Na verdade, não se compreende que a recorrente tenha transitado para a categoria de Assistente Administrativo Especialista, do índice 265 para o 270, enquanto outros funcionários ainda em categoria inferior (Assistente Administrativo Principal) tenham transitado para o índice 280 e promovidos em 1998 para a mesma categoria em que a recorrente já se encontrava desde 1994, tenham transitado para o índice 305.
A interpretação das normas mencionadas não poderá ser feita com óbvio prejuízo da posição relativa dos funcionários que, promovidos em data anterior a 1997, garantiram por via dessa promoção a sua transição para categoria superior, no âmbito do novo regime de carreiras da função pública, sob pena de tratar diferentemente situações iguais.

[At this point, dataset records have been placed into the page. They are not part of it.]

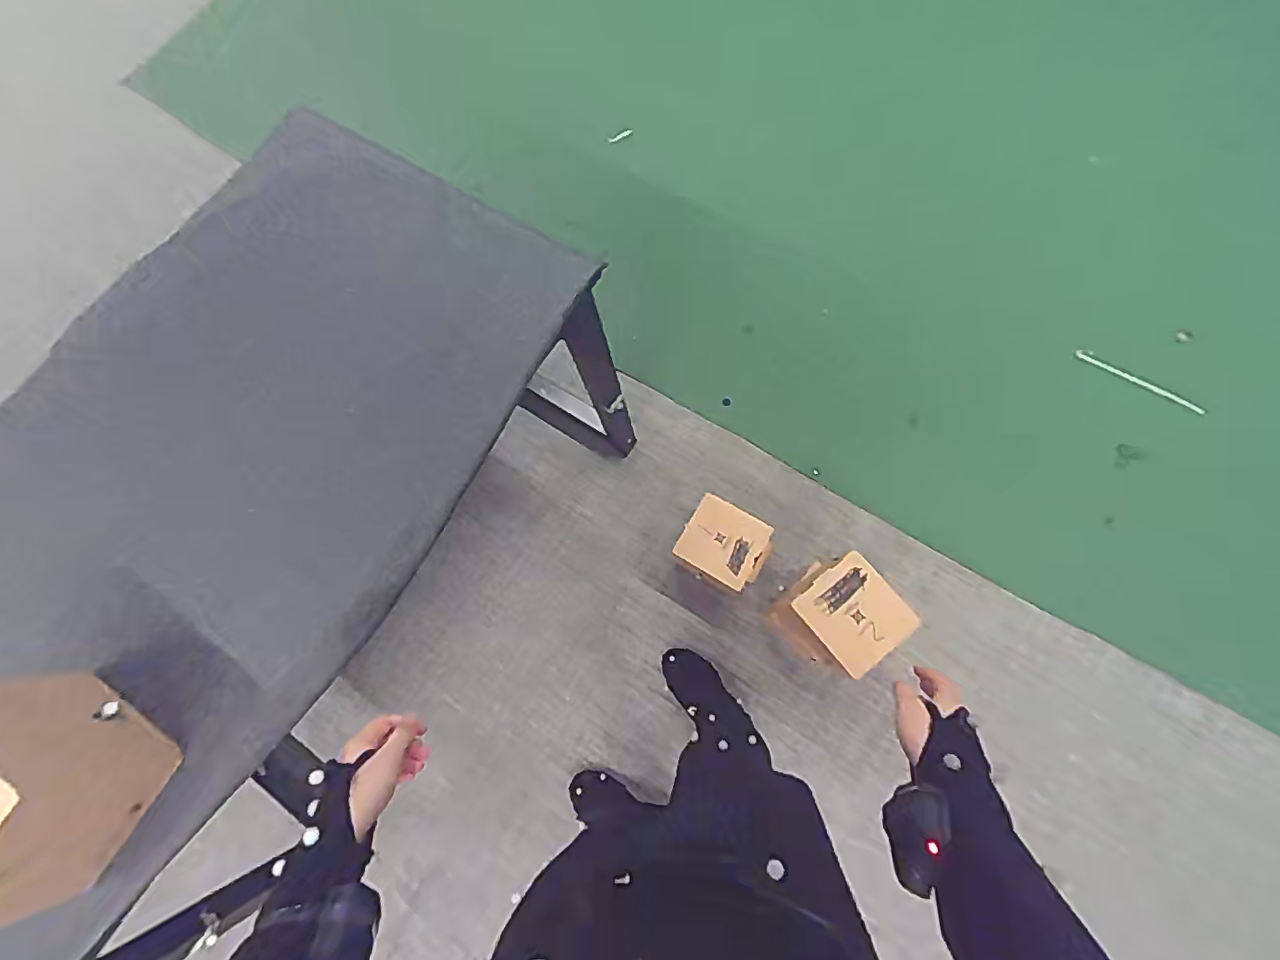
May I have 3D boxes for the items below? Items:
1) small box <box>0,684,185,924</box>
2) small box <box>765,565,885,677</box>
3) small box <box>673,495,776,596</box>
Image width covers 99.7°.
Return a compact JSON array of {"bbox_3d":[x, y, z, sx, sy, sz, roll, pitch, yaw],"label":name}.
[{"bbox_3d":[-0.643,0.328,0.555,0.179,0.176,0.168,30,80,12],"label":"small box"},{"bbox_3d":[0.405,0.312,1.218,0.179,0.176,0.168,40,82,14],"label":"small box"},{"bbox_3d":[0.196,0.161,1.278,0.179,0.176,0.168,30,80,13],"label":"small box"}]

Ter-se-á, pois, de concluir que o impugnado indeferimento tácito do recurso hierárquico do acto de reposicionamento da recorrente, na interpretação efectuada aos normativos do Dec. - Lei nº 404-A/98, nomeadamente do seu art. 21º nºs 4 e 5, viola os princípios constitucionais da igualdade e da justiça (arts. 13º, 59º nº 1, al. a) e 266º nº 2 da C.R.P.) e da equidade a que se reporta o art. 14º do Dec. Lei nº 184/89 de 02/06.

IV – Em face do exposto, dou parecer no sentido de ser concedido provimento ao recurso anulando - se o acto recorrido.